## Your instructions
Look for the word "Done" in the entries and copy each line where it appears.

## Excerpted data

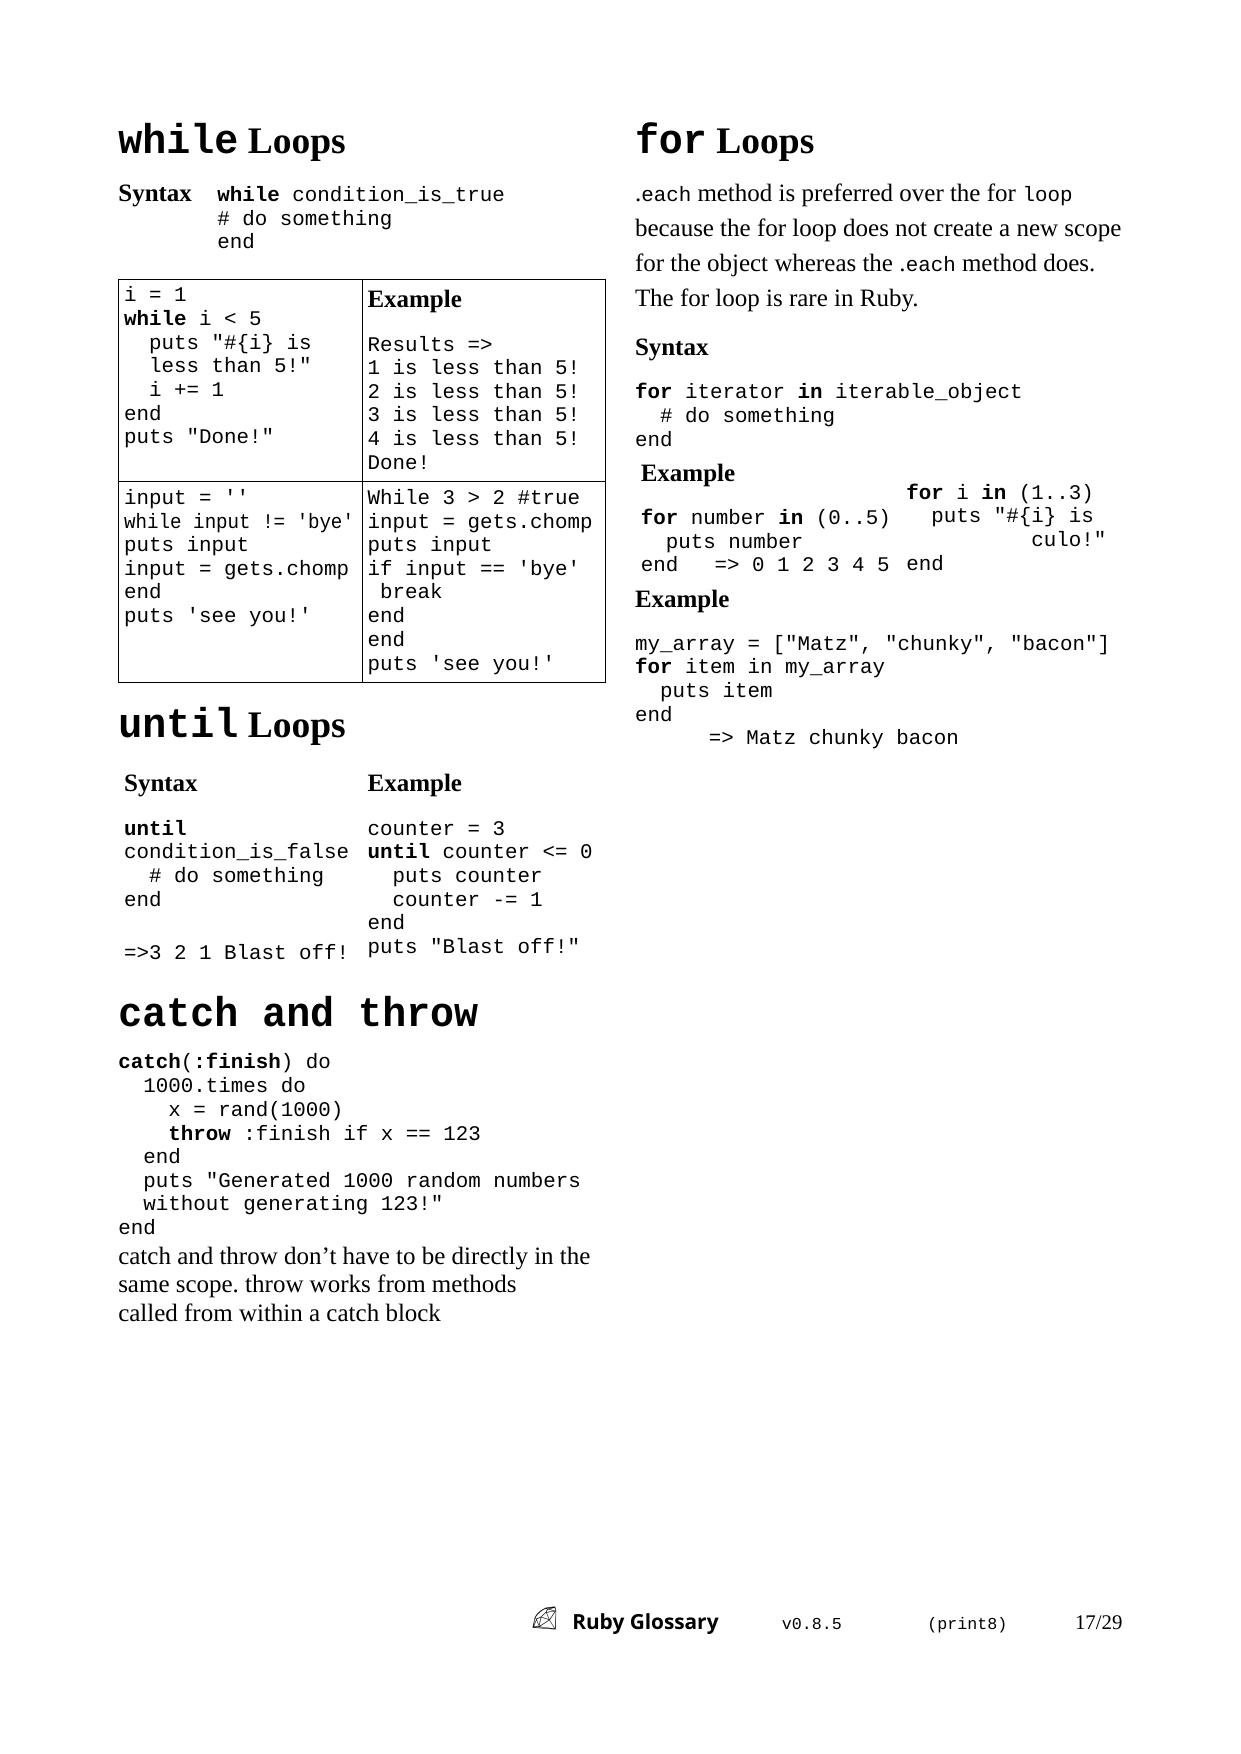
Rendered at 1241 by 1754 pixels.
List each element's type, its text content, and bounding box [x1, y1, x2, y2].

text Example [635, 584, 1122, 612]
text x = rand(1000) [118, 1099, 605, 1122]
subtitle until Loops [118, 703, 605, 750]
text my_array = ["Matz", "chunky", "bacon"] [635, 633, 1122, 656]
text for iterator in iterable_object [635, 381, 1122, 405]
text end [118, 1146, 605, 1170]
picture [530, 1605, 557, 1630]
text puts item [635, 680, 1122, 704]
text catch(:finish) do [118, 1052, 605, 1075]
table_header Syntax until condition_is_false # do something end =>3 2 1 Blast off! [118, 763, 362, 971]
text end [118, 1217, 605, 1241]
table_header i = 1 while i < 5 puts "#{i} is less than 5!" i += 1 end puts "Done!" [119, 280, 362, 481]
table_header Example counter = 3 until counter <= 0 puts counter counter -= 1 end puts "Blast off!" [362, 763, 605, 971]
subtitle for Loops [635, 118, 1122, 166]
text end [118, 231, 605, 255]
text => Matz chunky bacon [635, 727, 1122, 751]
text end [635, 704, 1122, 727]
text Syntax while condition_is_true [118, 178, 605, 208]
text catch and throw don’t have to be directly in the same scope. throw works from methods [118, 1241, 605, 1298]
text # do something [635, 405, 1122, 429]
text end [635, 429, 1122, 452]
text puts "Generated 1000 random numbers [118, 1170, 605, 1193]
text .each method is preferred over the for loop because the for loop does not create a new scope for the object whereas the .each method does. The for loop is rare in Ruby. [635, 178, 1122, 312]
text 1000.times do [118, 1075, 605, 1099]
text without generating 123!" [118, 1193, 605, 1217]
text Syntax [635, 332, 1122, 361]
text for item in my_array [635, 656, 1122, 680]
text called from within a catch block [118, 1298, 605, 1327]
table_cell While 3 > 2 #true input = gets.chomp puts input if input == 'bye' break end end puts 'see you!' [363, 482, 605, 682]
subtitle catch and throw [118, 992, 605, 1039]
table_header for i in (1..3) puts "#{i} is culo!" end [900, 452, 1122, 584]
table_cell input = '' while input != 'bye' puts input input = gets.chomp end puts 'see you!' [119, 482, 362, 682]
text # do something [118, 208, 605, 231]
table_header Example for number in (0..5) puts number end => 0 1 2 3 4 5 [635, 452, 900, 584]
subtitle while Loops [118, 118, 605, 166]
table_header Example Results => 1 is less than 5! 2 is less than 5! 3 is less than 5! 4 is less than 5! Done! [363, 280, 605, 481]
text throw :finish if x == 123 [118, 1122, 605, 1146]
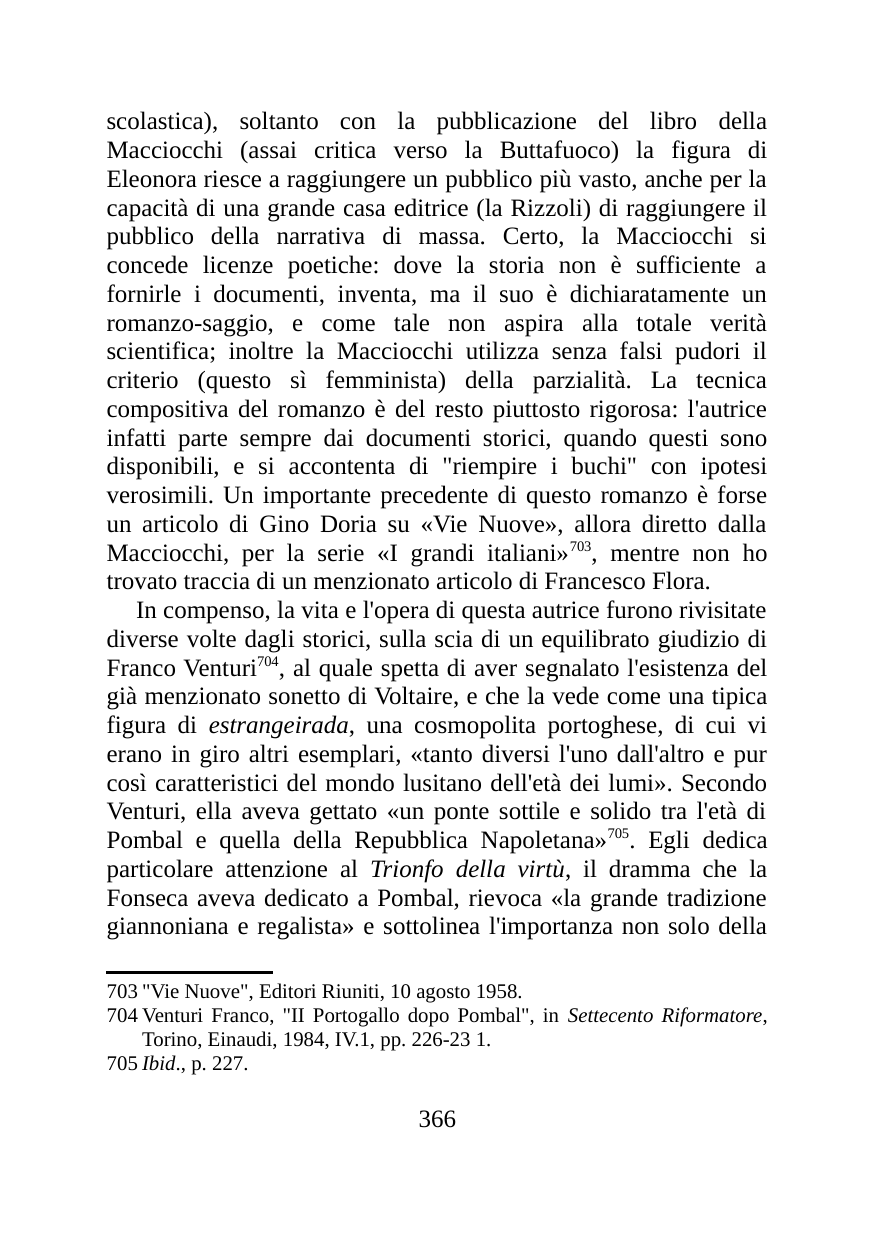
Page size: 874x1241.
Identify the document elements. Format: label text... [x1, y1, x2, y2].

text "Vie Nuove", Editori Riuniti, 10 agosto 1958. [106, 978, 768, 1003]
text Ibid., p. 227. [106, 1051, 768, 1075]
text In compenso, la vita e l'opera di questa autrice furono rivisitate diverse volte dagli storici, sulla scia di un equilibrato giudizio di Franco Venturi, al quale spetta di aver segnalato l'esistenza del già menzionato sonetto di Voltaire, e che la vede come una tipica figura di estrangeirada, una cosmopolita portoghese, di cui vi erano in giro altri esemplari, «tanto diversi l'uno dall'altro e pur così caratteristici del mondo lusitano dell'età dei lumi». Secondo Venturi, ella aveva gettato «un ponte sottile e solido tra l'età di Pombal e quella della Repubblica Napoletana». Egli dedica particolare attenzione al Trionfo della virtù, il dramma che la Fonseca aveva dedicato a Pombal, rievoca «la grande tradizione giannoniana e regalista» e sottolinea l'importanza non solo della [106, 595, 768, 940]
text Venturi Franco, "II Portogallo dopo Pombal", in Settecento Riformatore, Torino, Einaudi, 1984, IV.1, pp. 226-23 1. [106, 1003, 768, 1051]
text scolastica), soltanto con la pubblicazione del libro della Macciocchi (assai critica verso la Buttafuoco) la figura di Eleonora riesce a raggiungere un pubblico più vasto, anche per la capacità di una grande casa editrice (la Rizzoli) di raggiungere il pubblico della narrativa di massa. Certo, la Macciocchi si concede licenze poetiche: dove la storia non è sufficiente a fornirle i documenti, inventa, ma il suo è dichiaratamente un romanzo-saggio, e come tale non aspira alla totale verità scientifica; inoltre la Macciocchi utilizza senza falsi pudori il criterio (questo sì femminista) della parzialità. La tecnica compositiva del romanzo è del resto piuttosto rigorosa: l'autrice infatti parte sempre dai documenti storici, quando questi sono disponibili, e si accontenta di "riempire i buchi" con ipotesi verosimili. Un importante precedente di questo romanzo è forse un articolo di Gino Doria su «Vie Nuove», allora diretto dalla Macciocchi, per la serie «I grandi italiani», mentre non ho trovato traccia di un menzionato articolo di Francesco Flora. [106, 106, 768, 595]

## Answer to the problem
table_header i = 1 while i < 5 puts "#{i} is less than 5!" i += 1 end puts "Done!" [119, 280, 362, 481]
table_header Example Results => 1 is less than 5! 2 is less than 5! 3 is less than 5! 4 is less than 5! Done! [363, 280, 605, 481]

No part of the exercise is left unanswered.